Subject Area Political Science
Term from 2014 to 2019
Project identifier Deutsche Forschungsgemeinschaft (DFG) - Project number 265442168
 
The optimism of the 1990s that, after the end of the block confrontation, fundamental norms would diffuse globally has been unsettled in recent years. Even fundamental human rights have witnessed severe contestation. Time and again conflict erupts around international norms such as the torture ban or the international responsibility to protect. At the same time, it remains contested in existing research how such conflicts around norms affect the robustness of norms, if they contribute to their weakening or to their strengthening.
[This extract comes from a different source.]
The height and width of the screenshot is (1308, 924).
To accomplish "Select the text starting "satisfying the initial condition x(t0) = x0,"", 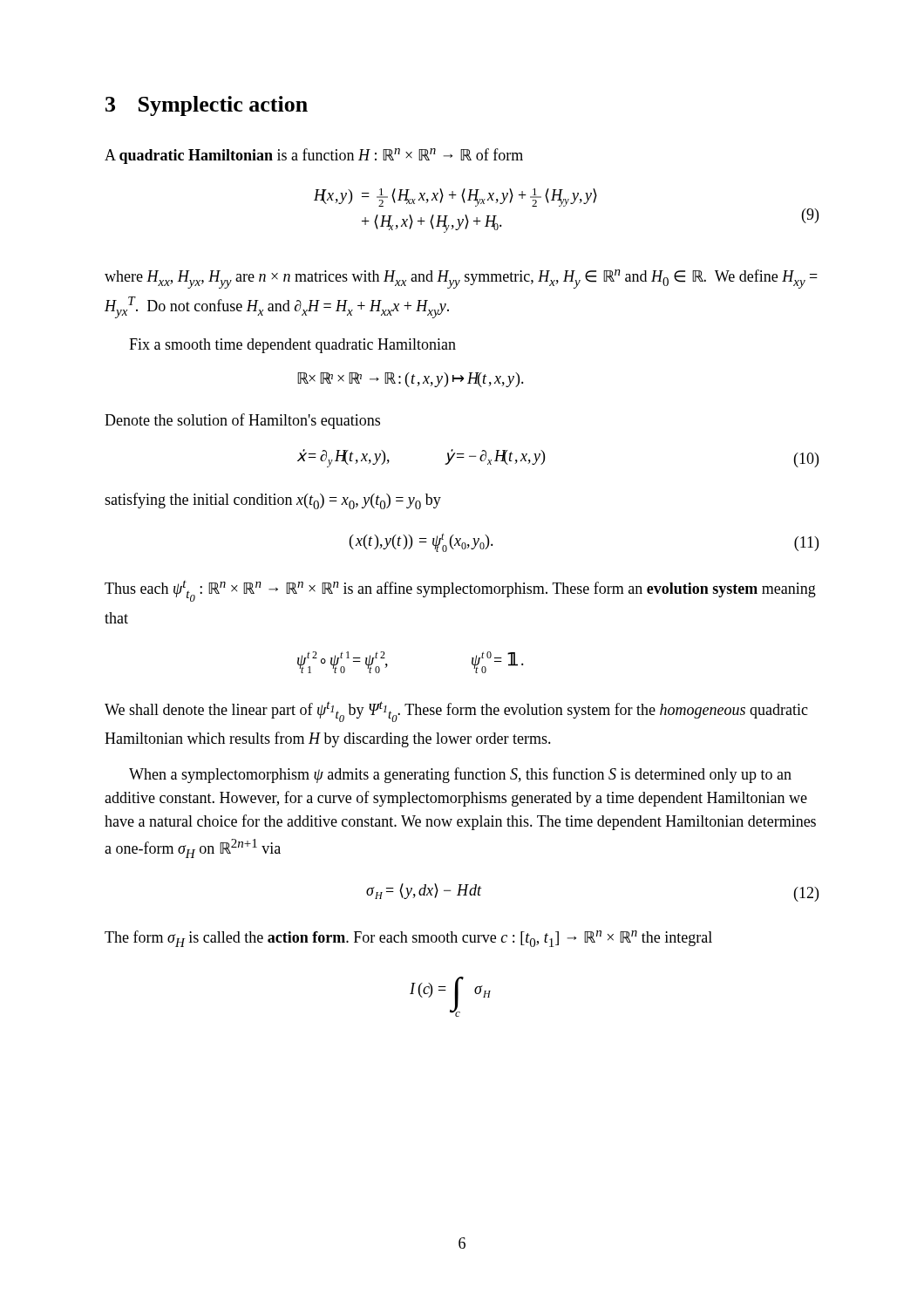I will 273,501.

The liberal-constructivist norm research has, initially, not analyzed conflicts around norms; latest research in this branch conceptualizes norm contestation as a sign of norm weakening. In contrast, critical research on (legal) norms assigns contestation a normative power of its own which strengthens norms by their continuous actualization. It remains an open question, however, how much conflict a norm can bear while still being perceived as a shared normative expectation by their addresses. We analyze when contestation leads to norm weakening or to norm strengthening. We tackle this question with a comparative design of four case studies of highly contested norms and two cases of norms that have completely eroded. Utilizing insights fom the discourse theory of law and normativity (Deitelhoff 2006; Günther 1988; Habermas 1992), we analyze (1) the hypothesis that norm robustness depends on the type of contestation, thus, if contestation concerns the dimension of application or the dimension of validity. (2) We will also investigate which factors advance a specific form of contestation and, linked to this, a change of norm robustness.